A: In the formulation of the canon of Scripture, God spoke in many ways. He spoke sometimes through an angel. He actually spoke sometimes through dreams; He spoke to Joseph by dreams. And sometimes He spoke audibly to the individual. I believe that on the top of Mount Sinai God spoke audibly to Moses. Moses couldn’t see anyone – God is a spirit, as you know. In fact, Moses finally asked! And when anyone says that Moses saw God, all he saw was the glory of God. God manifested His glory, and that glory was visible in the tabernacle. Those were the only people that ever have had a visible presence of God. Now the church does not have a visible presence. The Lord Jesus drew down the curtain on that. When He came, He laid aside His glory. When they talk about what it was the Lord Jesus emptied Himself of, it wasn’t His deity but His glory. The glory was not manifested at all. A lady told me recently she had a dream and the Lord Jesus stood at the foot of her bed and talked to her.

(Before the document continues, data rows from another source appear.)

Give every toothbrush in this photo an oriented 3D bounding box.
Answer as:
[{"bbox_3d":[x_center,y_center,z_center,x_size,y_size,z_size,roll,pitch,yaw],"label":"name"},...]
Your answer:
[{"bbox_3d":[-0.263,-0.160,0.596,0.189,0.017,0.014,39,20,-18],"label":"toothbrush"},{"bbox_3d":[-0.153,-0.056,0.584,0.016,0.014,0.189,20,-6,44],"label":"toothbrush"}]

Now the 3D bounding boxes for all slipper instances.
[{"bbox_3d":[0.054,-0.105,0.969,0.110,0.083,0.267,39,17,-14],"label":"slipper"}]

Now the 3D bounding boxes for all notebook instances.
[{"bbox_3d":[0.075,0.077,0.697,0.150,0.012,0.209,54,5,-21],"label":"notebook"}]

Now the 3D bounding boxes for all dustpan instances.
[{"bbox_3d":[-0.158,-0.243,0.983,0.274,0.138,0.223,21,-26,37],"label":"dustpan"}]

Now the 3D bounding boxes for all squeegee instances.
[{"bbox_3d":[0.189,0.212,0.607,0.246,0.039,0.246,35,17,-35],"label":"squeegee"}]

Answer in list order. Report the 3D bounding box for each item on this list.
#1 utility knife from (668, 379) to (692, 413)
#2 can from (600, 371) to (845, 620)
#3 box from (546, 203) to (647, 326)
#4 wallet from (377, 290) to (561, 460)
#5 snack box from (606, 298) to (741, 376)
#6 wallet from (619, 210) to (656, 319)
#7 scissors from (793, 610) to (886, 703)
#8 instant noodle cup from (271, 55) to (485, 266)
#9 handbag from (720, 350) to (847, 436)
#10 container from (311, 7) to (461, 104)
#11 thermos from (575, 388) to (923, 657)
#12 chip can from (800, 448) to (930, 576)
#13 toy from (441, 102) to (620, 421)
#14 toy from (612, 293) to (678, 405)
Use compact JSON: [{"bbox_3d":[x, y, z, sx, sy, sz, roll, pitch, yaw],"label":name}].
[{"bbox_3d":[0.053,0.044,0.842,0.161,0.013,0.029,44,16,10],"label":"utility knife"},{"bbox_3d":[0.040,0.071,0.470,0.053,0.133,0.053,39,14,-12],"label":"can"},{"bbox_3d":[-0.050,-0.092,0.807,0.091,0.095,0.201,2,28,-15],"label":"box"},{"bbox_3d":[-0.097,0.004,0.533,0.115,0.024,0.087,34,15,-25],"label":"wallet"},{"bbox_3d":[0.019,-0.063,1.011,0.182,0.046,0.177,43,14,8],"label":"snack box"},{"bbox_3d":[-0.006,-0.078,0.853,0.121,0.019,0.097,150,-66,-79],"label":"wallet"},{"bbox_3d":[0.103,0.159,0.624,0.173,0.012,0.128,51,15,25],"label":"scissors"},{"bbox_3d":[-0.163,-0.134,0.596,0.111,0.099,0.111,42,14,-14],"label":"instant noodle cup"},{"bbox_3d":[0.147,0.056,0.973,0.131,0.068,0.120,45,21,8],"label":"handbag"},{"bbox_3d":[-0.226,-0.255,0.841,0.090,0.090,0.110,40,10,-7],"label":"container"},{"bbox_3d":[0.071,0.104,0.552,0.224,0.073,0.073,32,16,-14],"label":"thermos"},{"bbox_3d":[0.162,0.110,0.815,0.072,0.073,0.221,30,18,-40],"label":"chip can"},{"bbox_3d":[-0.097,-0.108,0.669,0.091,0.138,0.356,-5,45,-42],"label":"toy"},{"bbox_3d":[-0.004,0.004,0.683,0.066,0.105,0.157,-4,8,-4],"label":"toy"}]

I suggested to her that she probably ought to pay attention to what she had for dinner the night before, because He didn’t speak to her. I asked her, “What did He look like?” And she said, “Just like He does in all His pictures!” But the pictures we have of Jesus are not of Him but of some Italian in the Middle Ages who posed for the picture. Today God is speaking in His Word. But then He spoke many ways in getting His Word through to man, and one of them was to speak audibly as He did to Moses.